- _TASK DIRECTIONS_
The expected output is the full data, repeated exactly, without pictures.

- _Entries taken from a collection_
□ □ □ □ □ □ □

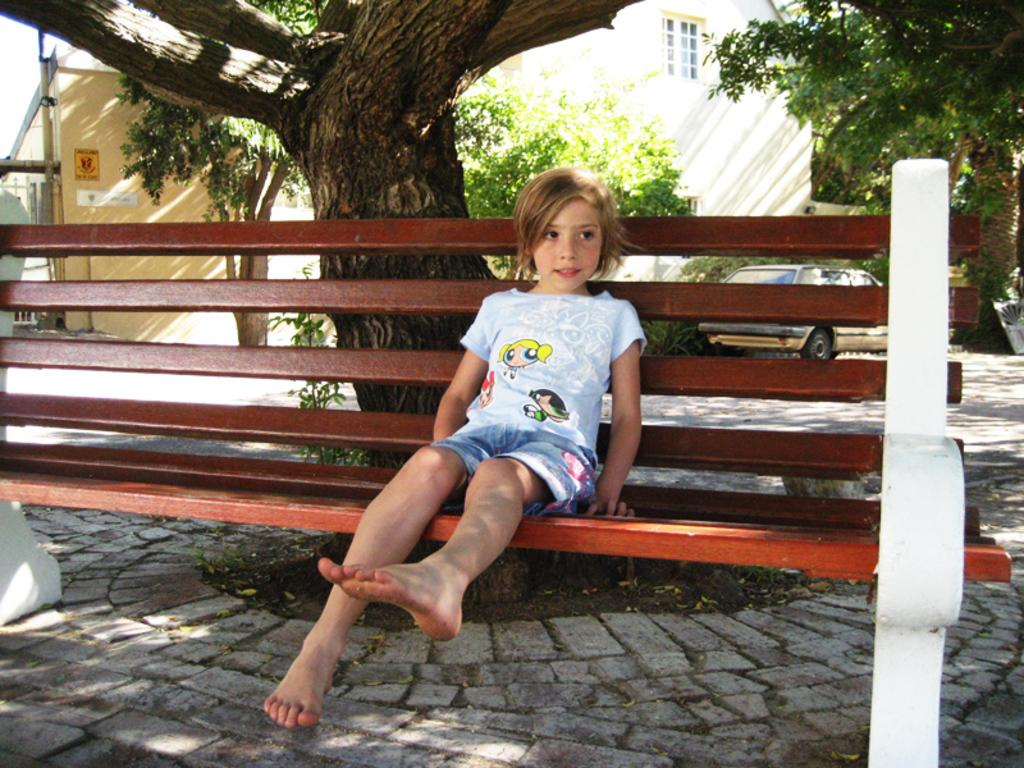What is the girl doing in the image? The girl is sitting on a bench in the image. What can be observed about the girl's feet? The girl has bare feet. What is located behind the girl in the image? There is a tree and a building behind the girl in the image. What type of vehicle is parked on the road in the image? A car is parked on the road in the image. What material is the floor made of in the image? The floor is made of cobblestones. What type of bridge can be seen in the image? There is no bridge present in the image. Is the girl wearing a crown in the image? The girl is not wearing a crown in the image. 
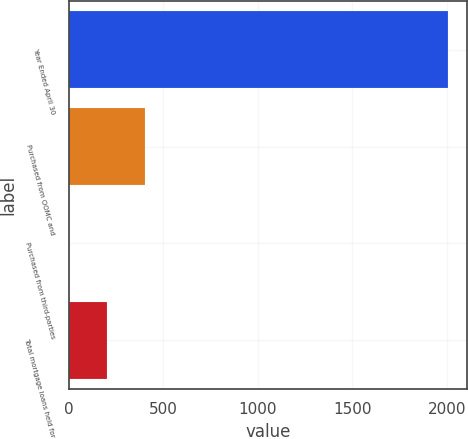Convert chart. <chart><loc_0><loc_0><loc_500><loc_500><bar_chart><fcel>Year Ended April 30<fcel>Purchased from OOMC and<fcel>Purchased from third-parties<fcel>Total mortgage loans held for<nl><fcel>2007<fcel>401.8<fcel>0.5<fcel>201.15<nl></chart> 
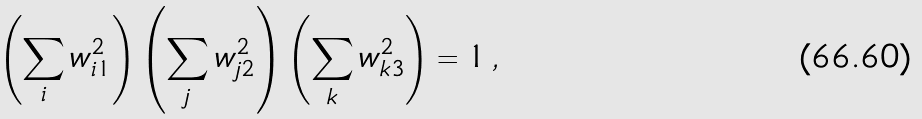<formula> <loc_0><loc_0><loc_500><loc_500>\left ( \sum _ { i } w _ { i 1 } ^ { 2 } \right ) \left ( \sum _ { j } w _ { j 2 } ^ { 2 } \right ) \left ( \sum _ { k } w _ { k 3 } ^ { 2 } \right ) = 1 \, ,</formula> 
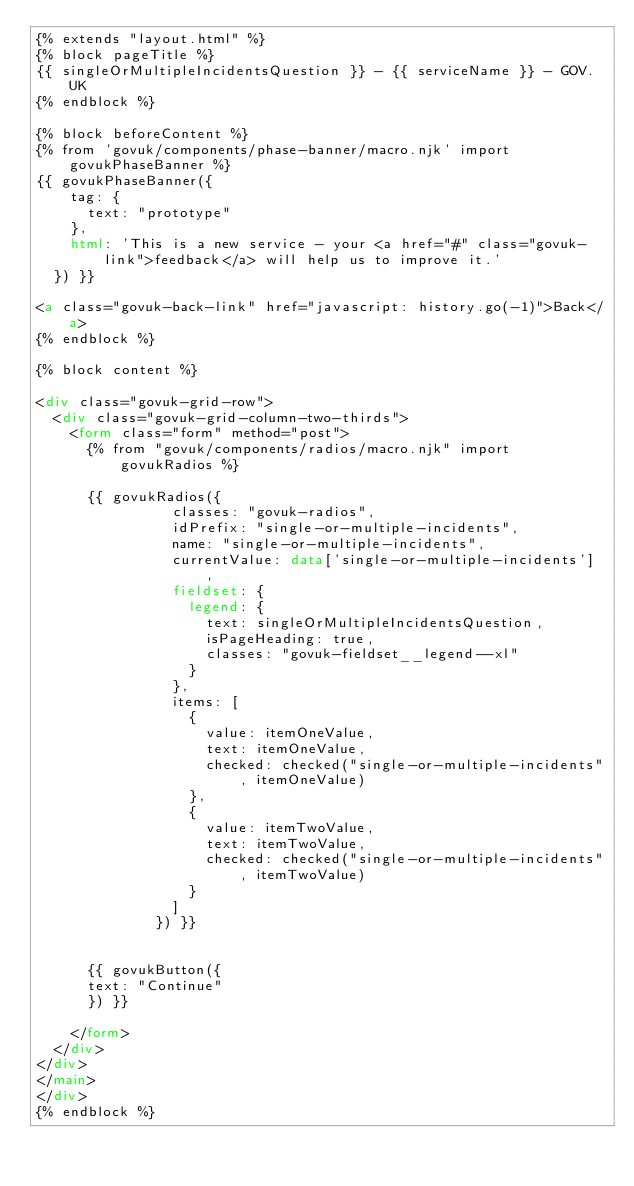Convert code to text. <code><loc_0><loc_0><loc_500><loc_500><_HTML_>{% extends "layout.html" %}
{% block pageTitle %}
{{ singleOrMultipleIncidentsQuestion }} - {{ serviceName }} - GOV.UK
{% endblock %}

{% block beforeContent %}
{% from 'govuk/components/phase-banner/macro.njk' import govukPhaseBanner %}
{{ govukPhaseBanner({
    tag: {
      text: "prototype"
    },
    html: 'This is a new service - your <a href="#" class="govuk-link">feedback</a> will help us to improve it.'
  }) }}

<a class="govuk-back-link" href="javascript: history.go(-1)">Back</a>
{% endblock %}

{% block content %}

<div class="govuk-grid-row">
  <div class="govuk-grid-column-two-thirds">
    <form class="form" method="post">
      {% from "govuk/components/radios/macro.njk" import govukRadios %}

      {{ govukRadios({
                classes: "govuk-radios",
                idPrefix: "single-or-multiple-incidents",
                name: "single-or-multiple-incidents",
                currentValue: data['single-or-multiple-incidents'] ,
                fieldset: {
                  legend: {
                    text: singleOrMultipleIncidentsQuestion,
                    isPageHeading: true,
                    classes: "govuk-fieldset__legend--xl"
                  }
                },
                items: [
                  {
                    value: itemOneValue,
                    text: itemOneValue,
                    checked: checked("single-or-multiple-incidents", itemOneValue)
                  },
                  {
                    value: itemTwoValue,
                    text: itemTwoValue,
                    checked: checked("single-or-multiple-incidents", itemTwoValue)
                  }
                ]
              }) }}

      
      {{ govukButton({
      text: "Continue"
      }) }}

    </form>
  </div>
</div>
</main>
</div>
{% endblock %}
</code>

□ □ □ □ □ □ □

- _SOLUTION FOR THIS TASK_
What is the girl doing in the image? The girl is sitting on a bench in the image. What can be observed about the girl's feet? The girl has bare feet. What is located behind the girl in the image? There is a tree and a building behind the girl in the image. What type of vehicle is parked on the road in the image? A car is parked on the road in the image. What material is the floor made of in the image? The floor is made of cobblestones. What type of bridge can be seen in the image? There is no bridge present in the image. Is the girl wearing a crown in the image? The girl is not wearing a crown in the image. 
Convert chart. <chart><loc_0><loc_0><loc_500><loc_500><bar_chart><fcel>Year Ended April 30<fcel>Purchased from OOMC and<fcel>Purchased from third-parties<fcel>Total mortgage loans held for<nl><fcel>2007<fcel>401.8<fcel>0.5<fcel>201.15<nl></chart> 
<formula> <loc_0><loc_0><loc_500><loc_500>\left ( \sum _ { i } w _ { i 1 } ^ { 2 } \right ) \left ( \sum _ { j } w _ { j 2 } ^ { 2 } \right ) \left ( \sum _ { k } w _ { k 3 } ^ { 2 } \right ) = 1 \, ,</formula> 
Convert code to text. <code><loc_0><loc_0><loc_500><loc_500><_HTML_>{% extends "layout.html" %}
{% block pageTitle %}
{{ singleOrMultipleIncidentsQuestion }} - {{ serviceName }} - GOV.UK
{% endblock %}

{% block beforeContent %}
{% from 'govuk/components/phase-banner/macro.njk' import govukPhaseBanner %}
{{ govukPhaseBanner({
    tag: {
      text: "prototype"
    },
    html: 'This is a new service - your <a href="#" class="govuk-link">feedback</a> will help us to improve it.'
  }) }}

<a class="govuk-back-link" href="javascript: history.go(-1)">Back</a>
{% endblock %}

{% block content %}

<div class="govuk-grid-row">
  <div class="govuk-grid-column-two-thirds">
    <form class="form" method="post">
      {% from "govuk/components/radios/macro.njk" import govukRadios %}

      {{ govukRadios({
                classes: "govuk-radios",
                idPrefix: "single-or-multiple-incidents",
                name: "single-or-multiple-incidents",
                currentValue: data['single-or-multiple-incidents'] ,
                fieldset: {
                  legend: {
                    text: singleOrMultipleIncidentsQuestion,
                    isPageHeading: true,
                    classes: "govuk-fieldset__legend--xl"
                  }
                },
                items: [
                  {
                    value: itemOneValue,
                    text: itemOneValue,
                    checked: checked("single-or-multiple-incidents", itemOneValue)
                  },
                  {
                    value: itemTwoValue,
                    text: itemTwoValue,
                    checked: checked("single-or-multiple-incidents", itemTwoValue)
                  }
                ]
              }) }}

      
      {{ govukButton({
      text: "Continue"
      }) }}

    </form>
  </div>
</div>
</main>
</div>
{% endblock %}
</code>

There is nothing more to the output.